Go through the data below and return each line where the string "these" appears.

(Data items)
[Start of Attachment]

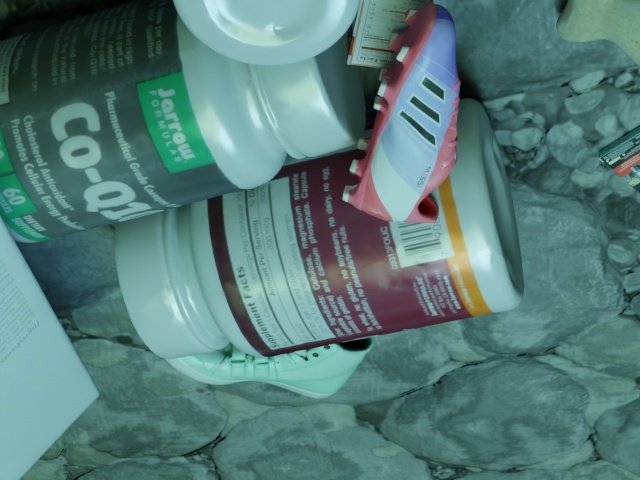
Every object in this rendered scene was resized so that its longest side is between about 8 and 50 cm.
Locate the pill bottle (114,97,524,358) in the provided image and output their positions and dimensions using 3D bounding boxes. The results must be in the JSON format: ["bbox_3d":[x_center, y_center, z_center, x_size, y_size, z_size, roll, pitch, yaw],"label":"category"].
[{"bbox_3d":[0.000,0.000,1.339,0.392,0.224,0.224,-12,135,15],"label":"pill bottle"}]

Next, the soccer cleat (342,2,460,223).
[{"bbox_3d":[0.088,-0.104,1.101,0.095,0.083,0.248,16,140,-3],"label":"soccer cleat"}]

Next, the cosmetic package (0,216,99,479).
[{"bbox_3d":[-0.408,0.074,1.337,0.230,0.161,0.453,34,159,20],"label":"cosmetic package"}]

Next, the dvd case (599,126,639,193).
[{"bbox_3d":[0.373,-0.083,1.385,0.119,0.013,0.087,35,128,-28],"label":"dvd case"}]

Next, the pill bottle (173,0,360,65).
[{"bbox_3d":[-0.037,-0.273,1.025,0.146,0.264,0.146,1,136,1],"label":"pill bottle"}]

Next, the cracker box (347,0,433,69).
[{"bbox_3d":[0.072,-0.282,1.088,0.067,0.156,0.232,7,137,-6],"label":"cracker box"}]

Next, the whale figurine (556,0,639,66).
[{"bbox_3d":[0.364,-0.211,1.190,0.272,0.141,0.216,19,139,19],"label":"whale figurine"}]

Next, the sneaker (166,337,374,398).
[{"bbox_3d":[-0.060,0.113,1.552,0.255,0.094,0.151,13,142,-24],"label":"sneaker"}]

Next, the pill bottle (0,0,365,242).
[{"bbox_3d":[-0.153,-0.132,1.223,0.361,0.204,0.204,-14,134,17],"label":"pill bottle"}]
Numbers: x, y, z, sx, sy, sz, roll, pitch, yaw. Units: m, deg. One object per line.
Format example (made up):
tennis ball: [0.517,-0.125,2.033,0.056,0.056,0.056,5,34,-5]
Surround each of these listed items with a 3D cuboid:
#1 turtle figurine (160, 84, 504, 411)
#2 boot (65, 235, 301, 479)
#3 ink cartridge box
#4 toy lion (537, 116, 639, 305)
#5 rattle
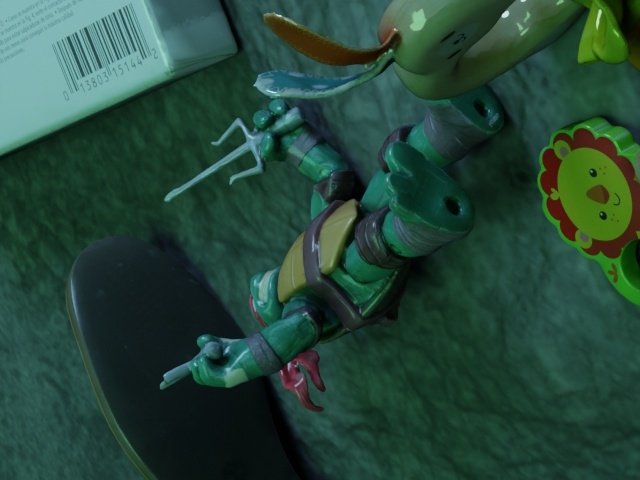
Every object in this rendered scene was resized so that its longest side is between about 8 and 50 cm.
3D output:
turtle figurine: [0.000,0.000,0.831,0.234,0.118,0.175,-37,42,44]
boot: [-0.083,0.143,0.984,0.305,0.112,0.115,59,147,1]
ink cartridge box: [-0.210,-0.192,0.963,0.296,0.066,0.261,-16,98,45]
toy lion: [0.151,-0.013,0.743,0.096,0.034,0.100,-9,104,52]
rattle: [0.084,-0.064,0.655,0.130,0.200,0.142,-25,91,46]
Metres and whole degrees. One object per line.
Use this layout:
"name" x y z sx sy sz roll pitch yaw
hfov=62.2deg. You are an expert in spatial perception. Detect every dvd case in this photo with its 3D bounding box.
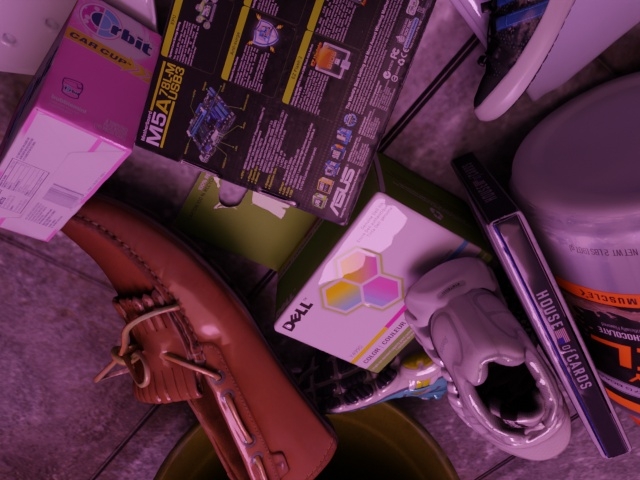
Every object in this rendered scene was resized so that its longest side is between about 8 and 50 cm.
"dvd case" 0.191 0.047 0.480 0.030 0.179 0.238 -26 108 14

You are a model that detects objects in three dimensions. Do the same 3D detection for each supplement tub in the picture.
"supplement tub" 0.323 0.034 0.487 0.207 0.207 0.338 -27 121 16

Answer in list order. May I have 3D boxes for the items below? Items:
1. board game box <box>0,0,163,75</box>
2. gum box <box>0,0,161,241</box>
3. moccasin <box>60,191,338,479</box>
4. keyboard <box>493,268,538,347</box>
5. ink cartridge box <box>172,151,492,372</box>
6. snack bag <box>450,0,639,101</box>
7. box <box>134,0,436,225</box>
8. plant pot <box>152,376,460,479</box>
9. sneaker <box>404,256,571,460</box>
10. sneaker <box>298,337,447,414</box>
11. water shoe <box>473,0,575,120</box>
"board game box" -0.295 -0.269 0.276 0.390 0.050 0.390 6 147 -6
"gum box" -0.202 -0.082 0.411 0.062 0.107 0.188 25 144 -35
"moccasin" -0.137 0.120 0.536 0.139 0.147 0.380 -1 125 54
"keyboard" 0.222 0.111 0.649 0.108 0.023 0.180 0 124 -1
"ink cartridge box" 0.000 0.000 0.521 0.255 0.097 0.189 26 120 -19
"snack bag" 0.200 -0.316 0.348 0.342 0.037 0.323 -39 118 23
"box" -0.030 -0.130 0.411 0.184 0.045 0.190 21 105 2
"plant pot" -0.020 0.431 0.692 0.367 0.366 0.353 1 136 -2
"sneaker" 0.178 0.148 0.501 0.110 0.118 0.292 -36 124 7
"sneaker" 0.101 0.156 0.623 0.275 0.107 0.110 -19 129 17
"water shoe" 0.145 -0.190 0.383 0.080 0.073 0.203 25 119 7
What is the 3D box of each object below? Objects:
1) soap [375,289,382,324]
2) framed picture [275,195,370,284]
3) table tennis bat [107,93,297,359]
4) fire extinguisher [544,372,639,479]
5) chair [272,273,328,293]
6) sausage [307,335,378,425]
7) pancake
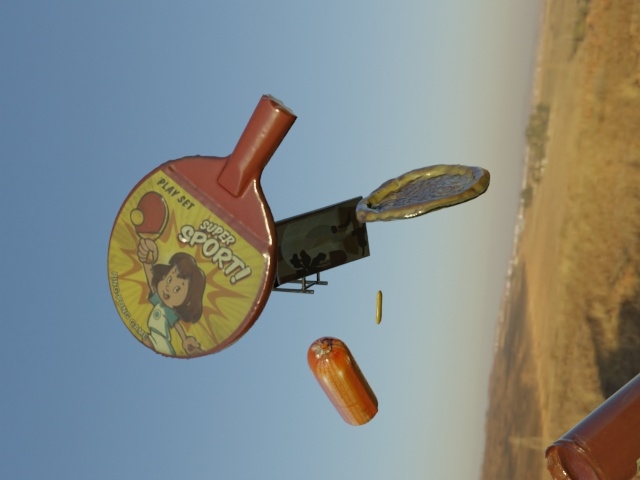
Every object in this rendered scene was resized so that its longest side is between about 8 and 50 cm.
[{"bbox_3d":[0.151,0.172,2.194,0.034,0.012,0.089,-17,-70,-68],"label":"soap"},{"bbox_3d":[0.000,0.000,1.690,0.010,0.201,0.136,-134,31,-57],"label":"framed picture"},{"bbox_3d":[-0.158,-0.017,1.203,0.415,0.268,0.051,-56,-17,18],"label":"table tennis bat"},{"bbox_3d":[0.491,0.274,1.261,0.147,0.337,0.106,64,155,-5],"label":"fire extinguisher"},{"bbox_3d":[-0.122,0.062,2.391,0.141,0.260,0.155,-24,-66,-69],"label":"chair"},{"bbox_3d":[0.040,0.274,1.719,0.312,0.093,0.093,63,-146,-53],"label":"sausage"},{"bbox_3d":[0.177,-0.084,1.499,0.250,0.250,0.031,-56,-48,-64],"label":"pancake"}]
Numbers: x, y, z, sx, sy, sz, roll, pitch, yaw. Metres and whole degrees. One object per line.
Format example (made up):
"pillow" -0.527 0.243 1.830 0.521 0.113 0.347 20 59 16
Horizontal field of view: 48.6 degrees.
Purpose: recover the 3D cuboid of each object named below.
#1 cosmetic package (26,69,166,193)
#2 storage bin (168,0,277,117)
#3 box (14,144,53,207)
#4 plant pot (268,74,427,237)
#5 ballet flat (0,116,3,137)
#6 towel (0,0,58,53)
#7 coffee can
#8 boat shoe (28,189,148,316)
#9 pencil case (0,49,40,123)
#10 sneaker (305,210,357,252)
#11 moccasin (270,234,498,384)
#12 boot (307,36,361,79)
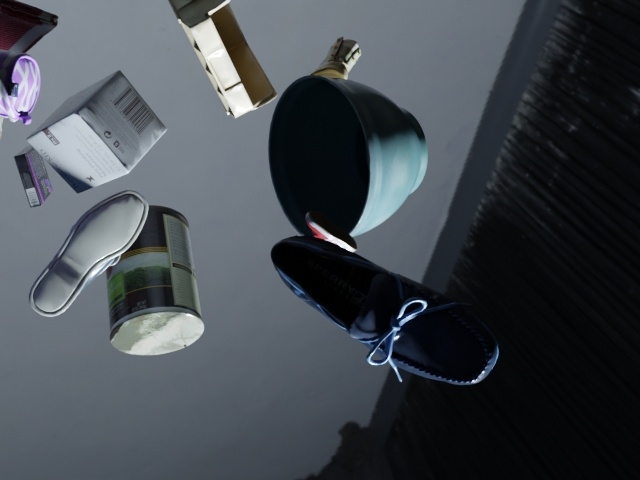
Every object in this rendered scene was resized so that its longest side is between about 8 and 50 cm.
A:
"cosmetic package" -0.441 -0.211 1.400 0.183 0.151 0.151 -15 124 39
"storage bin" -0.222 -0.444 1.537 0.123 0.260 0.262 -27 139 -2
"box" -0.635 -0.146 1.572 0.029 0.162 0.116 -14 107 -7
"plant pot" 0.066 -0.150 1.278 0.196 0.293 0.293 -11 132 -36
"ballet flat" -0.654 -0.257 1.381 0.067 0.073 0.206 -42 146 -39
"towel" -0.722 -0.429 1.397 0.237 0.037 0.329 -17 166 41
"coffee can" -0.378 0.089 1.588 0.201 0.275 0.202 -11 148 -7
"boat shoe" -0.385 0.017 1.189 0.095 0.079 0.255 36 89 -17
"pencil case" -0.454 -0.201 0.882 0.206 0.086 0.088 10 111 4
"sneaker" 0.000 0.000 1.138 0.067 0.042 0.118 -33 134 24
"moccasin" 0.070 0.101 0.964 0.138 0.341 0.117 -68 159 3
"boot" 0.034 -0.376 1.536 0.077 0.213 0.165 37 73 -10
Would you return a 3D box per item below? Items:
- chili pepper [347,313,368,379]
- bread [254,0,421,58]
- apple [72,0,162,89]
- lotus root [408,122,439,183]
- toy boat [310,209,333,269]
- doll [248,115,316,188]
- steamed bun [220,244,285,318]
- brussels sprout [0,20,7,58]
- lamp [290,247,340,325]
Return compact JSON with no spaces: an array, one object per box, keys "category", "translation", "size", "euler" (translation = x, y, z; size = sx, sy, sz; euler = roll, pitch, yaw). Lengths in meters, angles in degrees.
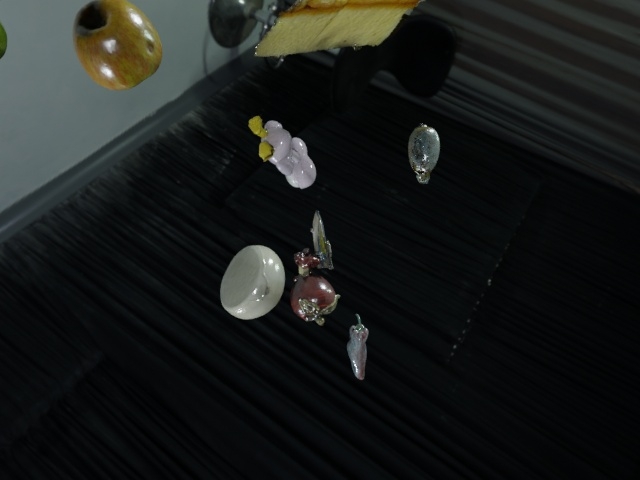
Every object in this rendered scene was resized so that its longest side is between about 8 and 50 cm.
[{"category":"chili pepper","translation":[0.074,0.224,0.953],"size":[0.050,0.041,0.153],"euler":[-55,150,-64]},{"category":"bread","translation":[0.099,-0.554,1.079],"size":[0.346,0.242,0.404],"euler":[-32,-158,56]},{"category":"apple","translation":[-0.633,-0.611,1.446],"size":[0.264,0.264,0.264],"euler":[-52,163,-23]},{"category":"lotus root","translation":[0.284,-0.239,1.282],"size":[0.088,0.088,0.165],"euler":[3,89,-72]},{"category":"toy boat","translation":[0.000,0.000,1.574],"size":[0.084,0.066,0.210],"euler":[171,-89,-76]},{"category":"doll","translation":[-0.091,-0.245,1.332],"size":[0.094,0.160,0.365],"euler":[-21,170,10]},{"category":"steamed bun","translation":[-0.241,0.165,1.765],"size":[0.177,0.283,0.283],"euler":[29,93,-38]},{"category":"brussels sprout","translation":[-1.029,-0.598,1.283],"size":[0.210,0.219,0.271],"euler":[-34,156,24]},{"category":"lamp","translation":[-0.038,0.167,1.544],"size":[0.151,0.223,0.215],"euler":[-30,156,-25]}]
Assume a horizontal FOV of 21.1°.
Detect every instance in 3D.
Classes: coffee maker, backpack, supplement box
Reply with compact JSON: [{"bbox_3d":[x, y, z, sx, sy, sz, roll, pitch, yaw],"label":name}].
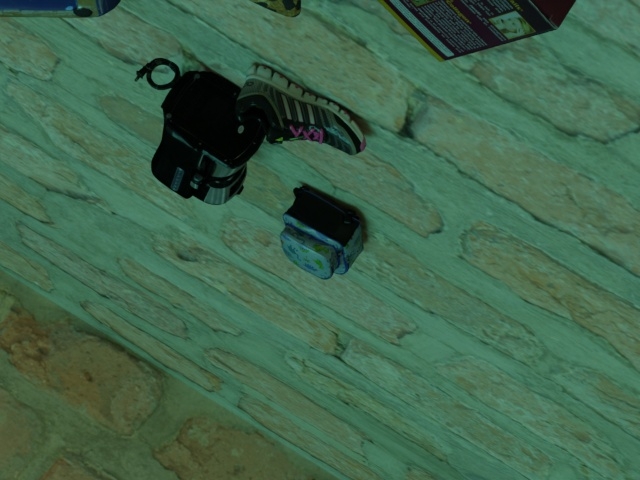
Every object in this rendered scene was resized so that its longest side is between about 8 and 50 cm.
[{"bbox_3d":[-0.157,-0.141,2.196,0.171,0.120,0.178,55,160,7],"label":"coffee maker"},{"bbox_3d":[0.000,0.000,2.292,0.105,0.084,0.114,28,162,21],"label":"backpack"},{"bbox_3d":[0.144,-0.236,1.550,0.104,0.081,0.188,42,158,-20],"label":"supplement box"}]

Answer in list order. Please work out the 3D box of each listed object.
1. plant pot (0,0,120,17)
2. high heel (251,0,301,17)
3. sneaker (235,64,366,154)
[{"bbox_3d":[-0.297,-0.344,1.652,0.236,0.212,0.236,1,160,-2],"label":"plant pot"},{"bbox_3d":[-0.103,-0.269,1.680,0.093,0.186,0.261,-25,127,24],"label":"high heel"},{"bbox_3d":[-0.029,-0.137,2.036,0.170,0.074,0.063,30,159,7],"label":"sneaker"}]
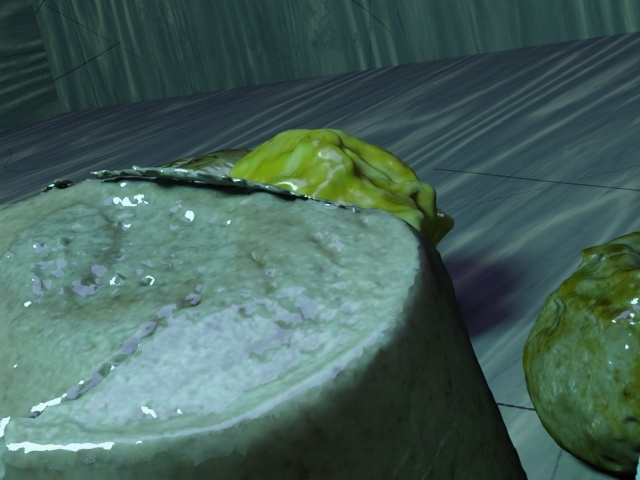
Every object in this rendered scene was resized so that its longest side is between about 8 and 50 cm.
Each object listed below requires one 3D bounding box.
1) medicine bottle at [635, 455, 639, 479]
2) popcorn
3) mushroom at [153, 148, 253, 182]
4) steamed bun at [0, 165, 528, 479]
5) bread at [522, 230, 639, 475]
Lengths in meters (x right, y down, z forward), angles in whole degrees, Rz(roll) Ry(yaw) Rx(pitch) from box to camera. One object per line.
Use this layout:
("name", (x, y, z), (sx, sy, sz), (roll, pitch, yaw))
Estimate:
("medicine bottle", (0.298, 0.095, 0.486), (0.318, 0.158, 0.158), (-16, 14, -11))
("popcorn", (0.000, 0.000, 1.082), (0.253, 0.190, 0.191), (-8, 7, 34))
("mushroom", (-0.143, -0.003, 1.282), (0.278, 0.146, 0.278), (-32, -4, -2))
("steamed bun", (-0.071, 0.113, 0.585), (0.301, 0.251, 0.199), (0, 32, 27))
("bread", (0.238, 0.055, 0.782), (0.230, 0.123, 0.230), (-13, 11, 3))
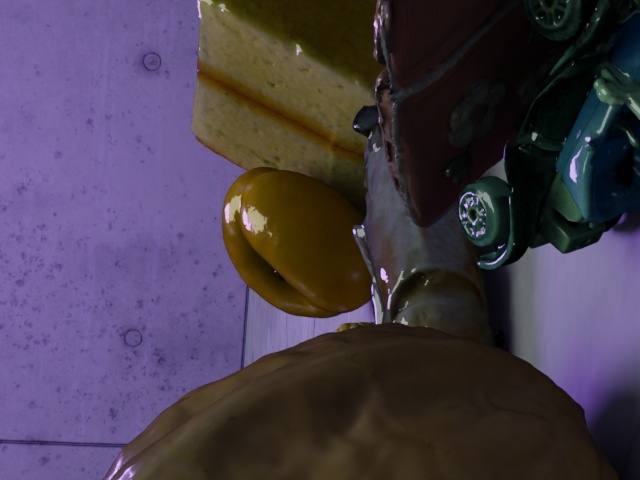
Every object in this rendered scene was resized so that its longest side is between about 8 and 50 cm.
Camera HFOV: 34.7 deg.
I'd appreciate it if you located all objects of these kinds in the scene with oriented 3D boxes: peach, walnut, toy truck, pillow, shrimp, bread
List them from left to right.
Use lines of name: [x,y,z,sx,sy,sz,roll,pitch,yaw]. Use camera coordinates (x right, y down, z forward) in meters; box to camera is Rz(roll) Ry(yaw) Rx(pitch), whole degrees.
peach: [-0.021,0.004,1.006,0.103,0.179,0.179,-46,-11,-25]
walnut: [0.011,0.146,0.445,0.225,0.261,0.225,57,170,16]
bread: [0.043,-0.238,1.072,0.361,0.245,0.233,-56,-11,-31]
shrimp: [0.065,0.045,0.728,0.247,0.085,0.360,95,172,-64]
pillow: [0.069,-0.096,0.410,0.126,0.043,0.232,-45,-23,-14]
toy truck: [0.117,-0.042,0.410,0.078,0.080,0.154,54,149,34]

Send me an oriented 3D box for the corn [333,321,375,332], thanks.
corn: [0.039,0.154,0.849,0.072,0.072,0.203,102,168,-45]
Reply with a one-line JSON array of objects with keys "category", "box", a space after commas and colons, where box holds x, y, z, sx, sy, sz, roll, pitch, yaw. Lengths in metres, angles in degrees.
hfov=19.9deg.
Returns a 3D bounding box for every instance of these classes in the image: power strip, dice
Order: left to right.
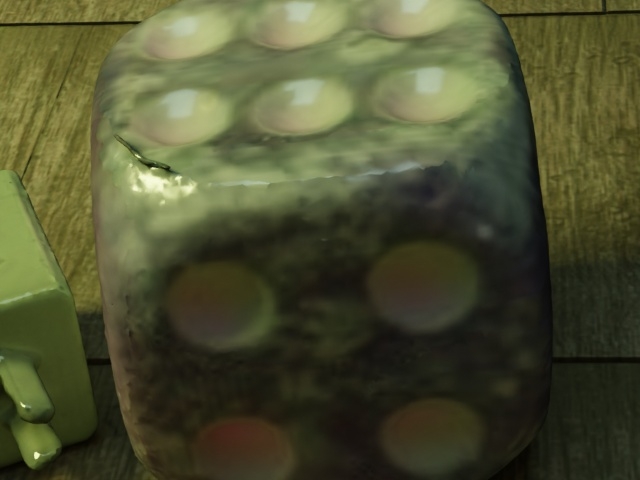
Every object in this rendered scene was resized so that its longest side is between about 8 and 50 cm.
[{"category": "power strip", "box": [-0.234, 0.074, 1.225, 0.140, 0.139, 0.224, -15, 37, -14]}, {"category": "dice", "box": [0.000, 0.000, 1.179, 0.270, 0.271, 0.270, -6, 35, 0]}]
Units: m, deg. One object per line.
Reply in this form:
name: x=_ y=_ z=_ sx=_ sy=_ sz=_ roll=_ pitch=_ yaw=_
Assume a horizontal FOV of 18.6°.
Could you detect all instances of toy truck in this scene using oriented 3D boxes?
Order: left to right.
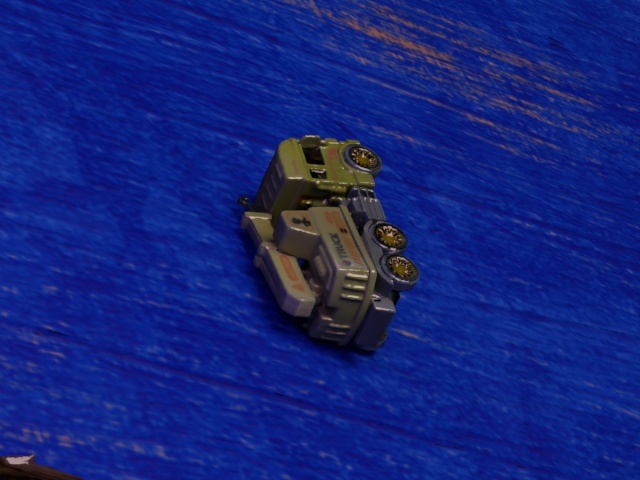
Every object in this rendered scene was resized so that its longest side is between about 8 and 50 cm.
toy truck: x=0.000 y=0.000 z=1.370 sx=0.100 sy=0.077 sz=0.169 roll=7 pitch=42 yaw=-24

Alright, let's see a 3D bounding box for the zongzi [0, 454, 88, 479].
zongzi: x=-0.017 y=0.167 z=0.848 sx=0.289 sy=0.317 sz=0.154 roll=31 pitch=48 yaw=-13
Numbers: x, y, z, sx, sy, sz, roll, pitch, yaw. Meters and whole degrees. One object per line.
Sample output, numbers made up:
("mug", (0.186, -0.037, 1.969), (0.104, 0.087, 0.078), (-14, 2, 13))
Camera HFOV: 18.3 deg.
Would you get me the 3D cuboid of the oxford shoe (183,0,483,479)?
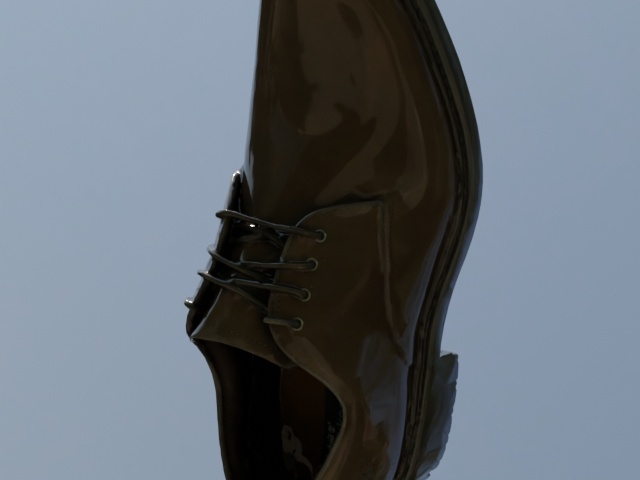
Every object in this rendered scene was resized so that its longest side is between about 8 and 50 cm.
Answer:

[End of Attachment]

* **Reply to the task**
Surround each of these listed items with a 3D cuboid:
I'd appreciate it if you located all objects of these kinds in the scene with oriented 3D boxes: peach, walnut, toy truck, pillow, shrimp, bread
Returns a 3D bounding box for every instance of these classes in the image: power strip, dice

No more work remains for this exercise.